Bouge 50 minutes par jour, doucement. Marche, yoga doux, qi gong. Évite le HIIT en phase lutéale : il fait monter le cortisol, ce que ton corps n'a pas besoin d'ajouter à ce moment du cycle.

Coupe les écrans après 20 h. La lumière bleue en soirée retarde la mélatonine et déstabilise l'ensemble de ton axe hormonal.

À mettre en pratique maintenant

Fais les trois jours au complet, sans modifier les repas, et note trois choses chaque soir : la qualité de ton sommeil, ton niveau d'anxiété dans la journée, et la présence ou l'absence de fringales sucrées en fin d'après-midi.

Compare ensuite avec ce que tu vis habituellement dans les jours qui précèdent tes règles. C'est cette comparaison qui te dira si ce cadre te convient, bien plus que n'importe quelle promesse que je pourrais te faire.

Pour aller plus loin

  • Dr Lara Briden, Hormone Repair Manual (Pan Macmillan, 2021) - la référence la plus complète sur la périménopause, le cycle et les fondations qui le soutiennent. Écrit par une naturopathe, appuyé sur la littérature.

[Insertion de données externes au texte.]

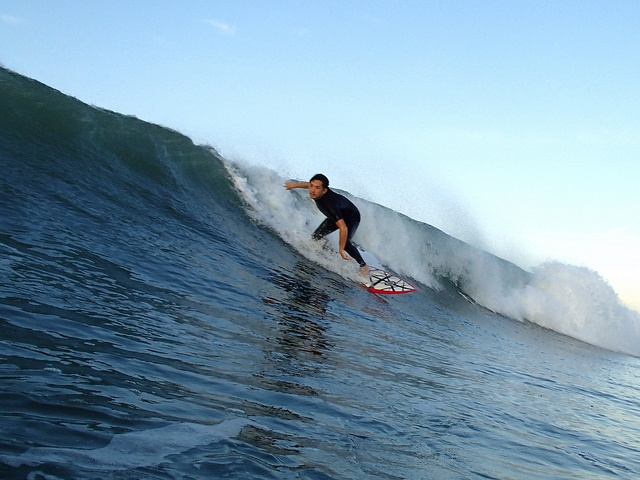Describe the objects in this image and their specific colors. I can see people in lightblue, black, brown, and maroon tones and surfboard in lightblue, darkgray, gray, black, and brown tones in this image. 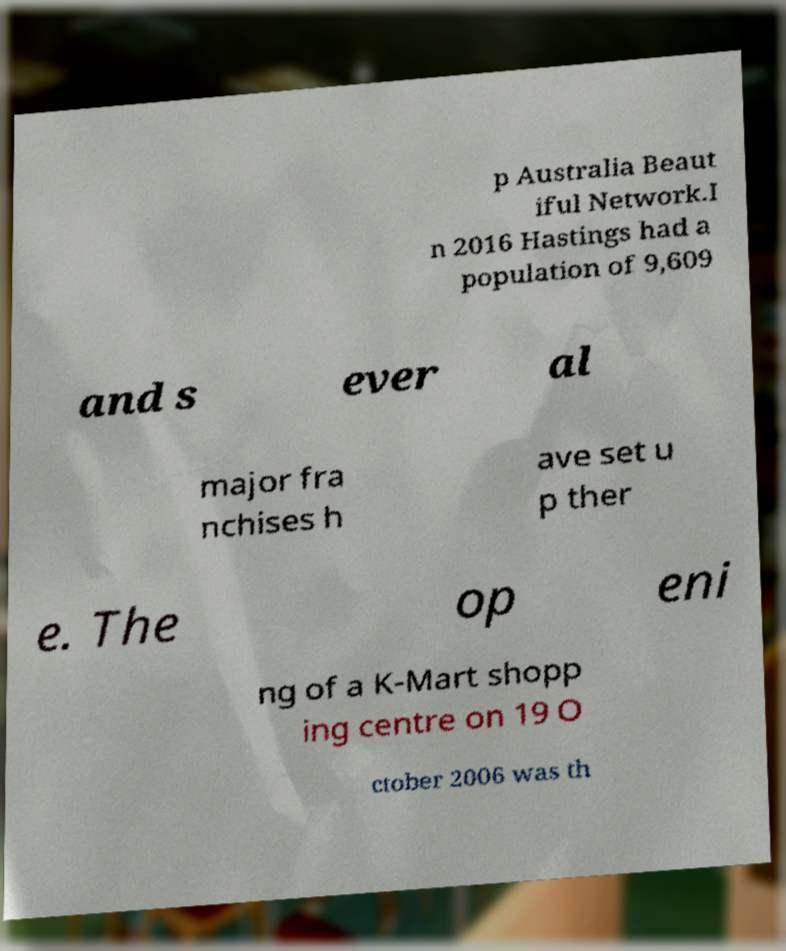Could you extract and type out the text from this image? p Australia Beaut iful Network.I n 2016 Hastings had a population of 9,609 and s ever al major fra nchises h ave set u p ther e. The op eni ng of a K-Mart shopp ing centre on 19 O ctober 2006 was th

  • Dr Jolene Brighten, Beyond the Pill (2019) - sur les cofacteurs nutritionnels de la production hormonale, avec une section détaillée sur le zinc, la B6 et le magnésium.

  • Dr Mary Claire Haver, The New Menopause (2024) - pour situer la phase lutéale dans le contexte plus large de la périménopause, quand le cycle devient moins prévisible.

  • Alisa Vitti, WomanCode (2013) - le livre qui a popularisé l'idée de manger selon les phases du cycle. À lire avec un esprit critique, mais utile comme porte d'entrée.